**Work to be completed:** Pick out all lines with the word "faces" from the records that follow.

# # # # #

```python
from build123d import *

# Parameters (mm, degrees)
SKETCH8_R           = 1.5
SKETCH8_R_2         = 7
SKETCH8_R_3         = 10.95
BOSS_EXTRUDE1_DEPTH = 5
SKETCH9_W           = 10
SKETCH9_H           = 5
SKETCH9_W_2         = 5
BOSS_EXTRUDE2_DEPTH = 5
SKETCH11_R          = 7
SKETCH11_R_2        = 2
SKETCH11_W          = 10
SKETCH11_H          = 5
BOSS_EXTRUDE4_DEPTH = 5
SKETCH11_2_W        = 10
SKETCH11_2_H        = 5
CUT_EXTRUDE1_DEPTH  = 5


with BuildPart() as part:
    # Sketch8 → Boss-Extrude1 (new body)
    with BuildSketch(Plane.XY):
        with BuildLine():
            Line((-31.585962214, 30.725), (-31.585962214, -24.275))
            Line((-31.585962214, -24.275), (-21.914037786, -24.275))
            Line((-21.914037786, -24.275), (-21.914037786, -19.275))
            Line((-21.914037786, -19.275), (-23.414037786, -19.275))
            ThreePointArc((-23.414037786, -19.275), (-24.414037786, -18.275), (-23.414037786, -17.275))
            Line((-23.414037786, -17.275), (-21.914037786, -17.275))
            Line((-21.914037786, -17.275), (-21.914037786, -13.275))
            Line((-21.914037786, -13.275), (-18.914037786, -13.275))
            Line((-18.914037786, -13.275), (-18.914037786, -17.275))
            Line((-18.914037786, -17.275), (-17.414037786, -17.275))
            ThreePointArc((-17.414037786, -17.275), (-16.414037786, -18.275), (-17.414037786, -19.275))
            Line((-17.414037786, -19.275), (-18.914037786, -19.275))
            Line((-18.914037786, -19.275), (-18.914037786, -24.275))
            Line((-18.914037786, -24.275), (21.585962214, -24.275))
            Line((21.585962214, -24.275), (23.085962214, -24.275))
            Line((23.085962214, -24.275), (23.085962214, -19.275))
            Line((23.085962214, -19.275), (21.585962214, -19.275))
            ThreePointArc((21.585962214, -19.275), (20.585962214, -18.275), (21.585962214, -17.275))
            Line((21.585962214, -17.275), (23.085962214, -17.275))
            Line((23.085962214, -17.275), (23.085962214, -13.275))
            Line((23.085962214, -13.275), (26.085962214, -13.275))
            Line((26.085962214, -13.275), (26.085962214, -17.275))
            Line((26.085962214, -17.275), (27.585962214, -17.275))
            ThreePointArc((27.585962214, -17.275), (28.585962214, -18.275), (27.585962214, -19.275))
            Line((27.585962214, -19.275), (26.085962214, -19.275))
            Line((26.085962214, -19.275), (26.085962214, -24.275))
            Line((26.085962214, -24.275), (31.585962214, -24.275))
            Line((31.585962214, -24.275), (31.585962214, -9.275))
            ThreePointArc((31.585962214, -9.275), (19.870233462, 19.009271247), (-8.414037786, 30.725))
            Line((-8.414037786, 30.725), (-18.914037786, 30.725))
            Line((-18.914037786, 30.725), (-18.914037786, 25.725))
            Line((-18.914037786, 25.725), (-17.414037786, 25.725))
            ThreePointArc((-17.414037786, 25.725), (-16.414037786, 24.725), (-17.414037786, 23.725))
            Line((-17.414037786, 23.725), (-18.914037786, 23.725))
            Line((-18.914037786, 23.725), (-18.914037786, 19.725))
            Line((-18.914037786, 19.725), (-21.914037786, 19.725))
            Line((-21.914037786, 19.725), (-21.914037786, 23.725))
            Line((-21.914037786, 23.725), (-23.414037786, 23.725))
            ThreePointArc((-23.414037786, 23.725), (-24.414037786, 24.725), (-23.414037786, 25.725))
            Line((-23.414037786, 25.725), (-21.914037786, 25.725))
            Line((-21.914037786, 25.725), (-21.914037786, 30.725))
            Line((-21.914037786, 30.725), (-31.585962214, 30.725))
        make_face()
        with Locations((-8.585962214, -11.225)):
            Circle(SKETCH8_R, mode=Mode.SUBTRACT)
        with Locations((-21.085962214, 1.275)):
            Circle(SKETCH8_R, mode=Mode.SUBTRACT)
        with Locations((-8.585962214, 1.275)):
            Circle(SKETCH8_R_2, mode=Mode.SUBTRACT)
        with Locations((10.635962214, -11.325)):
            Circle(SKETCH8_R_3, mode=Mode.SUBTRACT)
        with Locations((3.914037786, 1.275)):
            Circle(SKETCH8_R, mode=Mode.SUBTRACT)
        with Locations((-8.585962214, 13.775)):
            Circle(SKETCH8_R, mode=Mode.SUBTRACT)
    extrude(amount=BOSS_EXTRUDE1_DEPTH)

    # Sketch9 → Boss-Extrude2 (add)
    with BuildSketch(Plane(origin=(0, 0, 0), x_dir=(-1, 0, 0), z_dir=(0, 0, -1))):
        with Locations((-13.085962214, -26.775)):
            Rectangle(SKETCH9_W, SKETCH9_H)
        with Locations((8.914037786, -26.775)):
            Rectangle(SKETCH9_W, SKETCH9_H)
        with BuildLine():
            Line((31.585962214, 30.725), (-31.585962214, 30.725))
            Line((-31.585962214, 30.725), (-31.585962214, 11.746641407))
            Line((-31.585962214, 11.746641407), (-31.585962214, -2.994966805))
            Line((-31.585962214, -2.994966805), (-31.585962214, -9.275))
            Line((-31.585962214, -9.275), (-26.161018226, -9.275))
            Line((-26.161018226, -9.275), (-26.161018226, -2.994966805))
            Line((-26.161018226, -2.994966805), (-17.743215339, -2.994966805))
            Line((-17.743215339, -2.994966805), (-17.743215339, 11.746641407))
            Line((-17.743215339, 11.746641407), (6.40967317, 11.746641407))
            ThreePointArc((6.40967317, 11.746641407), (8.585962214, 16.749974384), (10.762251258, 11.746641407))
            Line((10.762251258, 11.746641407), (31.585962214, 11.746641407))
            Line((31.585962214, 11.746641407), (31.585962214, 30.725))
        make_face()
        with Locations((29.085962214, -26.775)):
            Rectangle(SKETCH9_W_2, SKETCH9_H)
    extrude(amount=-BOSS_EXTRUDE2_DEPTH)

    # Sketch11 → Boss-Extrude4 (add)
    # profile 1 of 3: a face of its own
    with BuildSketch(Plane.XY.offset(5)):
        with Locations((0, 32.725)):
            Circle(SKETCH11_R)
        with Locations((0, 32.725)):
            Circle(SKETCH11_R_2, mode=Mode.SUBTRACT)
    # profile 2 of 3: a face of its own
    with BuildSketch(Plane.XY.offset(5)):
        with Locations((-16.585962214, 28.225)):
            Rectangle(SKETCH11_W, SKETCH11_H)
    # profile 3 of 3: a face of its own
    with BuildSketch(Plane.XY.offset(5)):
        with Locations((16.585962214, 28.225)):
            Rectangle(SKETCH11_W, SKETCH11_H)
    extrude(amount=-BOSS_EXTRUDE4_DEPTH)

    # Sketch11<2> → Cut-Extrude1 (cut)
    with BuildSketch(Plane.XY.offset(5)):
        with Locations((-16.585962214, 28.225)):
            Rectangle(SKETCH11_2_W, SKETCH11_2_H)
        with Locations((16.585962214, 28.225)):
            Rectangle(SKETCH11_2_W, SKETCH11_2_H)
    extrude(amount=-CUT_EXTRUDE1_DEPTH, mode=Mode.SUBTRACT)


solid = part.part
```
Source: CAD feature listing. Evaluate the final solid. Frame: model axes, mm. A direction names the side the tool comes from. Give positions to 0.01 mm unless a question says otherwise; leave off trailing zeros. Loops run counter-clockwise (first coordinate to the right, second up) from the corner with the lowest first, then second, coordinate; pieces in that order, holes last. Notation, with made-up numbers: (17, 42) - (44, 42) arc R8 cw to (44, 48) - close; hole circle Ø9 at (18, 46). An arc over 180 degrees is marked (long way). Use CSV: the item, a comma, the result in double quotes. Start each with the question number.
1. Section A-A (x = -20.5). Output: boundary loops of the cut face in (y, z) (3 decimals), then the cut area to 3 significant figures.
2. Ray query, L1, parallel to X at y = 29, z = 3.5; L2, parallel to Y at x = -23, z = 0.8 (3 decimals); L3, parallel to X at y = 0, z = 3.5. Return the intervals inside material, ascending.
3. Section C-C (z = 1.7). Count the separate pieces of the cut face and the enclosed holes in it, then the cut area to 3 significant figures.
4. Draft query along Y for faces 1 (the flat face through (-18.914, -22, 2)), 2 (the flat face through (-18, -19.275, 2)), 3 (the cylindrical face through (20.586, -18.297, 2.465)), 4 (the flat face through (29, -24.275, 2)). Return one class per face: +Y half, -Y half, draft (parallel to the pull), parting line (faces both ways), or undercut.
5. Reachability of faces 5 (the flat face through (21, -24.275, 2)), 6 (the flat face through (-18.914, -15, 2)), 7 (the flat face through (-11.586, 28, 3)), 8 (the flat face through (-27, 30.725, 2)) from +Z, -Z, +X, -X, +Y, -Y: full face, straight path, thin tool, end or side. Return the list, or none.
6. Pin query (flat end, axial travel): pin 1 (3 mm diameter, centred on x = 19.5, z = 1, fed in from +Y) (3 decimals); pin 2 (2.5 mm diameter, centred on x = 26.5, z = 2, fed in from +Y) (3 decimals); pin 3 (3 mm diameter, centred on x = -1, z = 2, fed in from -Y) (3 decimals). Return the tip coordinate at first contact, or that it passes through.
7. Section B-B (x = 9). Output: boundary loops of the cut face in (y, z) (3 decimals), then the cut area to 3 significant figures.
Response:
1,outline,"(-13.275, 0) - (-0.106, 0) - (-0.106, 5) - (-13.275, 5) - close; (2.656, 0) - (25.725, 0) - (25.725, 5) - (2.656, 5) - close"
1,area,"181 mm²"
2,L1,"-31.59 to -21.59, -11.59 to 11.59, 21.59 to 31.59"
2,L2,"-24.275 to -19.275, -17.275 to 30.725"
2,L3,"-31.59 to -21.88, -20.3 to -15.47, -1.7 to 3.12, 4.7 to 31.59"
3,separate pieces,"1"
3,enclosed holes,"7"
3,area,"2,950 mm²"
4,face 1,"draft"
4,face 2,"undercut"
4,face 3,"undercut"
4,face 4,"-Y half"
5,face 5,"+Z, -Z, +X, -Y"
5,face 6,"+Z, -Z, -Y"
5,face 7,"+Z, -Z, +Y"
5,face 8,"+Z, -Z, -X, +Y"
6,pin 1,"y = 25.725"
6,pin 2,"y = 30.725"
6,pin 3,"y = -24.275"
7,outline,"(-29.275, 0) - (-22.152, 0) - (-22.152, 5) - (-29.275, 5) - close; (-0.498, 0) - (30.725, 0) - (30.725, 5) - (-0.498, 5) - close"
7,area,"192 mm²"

# # # # #

**Exercise solution:**
4. Draft query along Y for faces 1 (the flat face through (-18.914, -22, 2)), 2 (the flat face through (-18, -19.275, 2)), 3 (the cylindrical face through (20.586, -18.297, 2.465)), 4 (the flat face through (29, -24.275, 2)). Return one class per face: +Y half, -Y half, draft (parallel to the pull), parting line (faces both ways), or undercut.
5. Reachability of faces 5 (the flat face through (21, -24.275, 2)), 6 (the flat face through (-18.914, -15, 2)), 7 (the flat face through (-11.586, 28, 3)), 8 (the flat face through (-27, 30.725, 2)) from +Z, -Z, +X, -X, +Y, -Y: full face, straight path, thin tool, end or side. Return the list, or none.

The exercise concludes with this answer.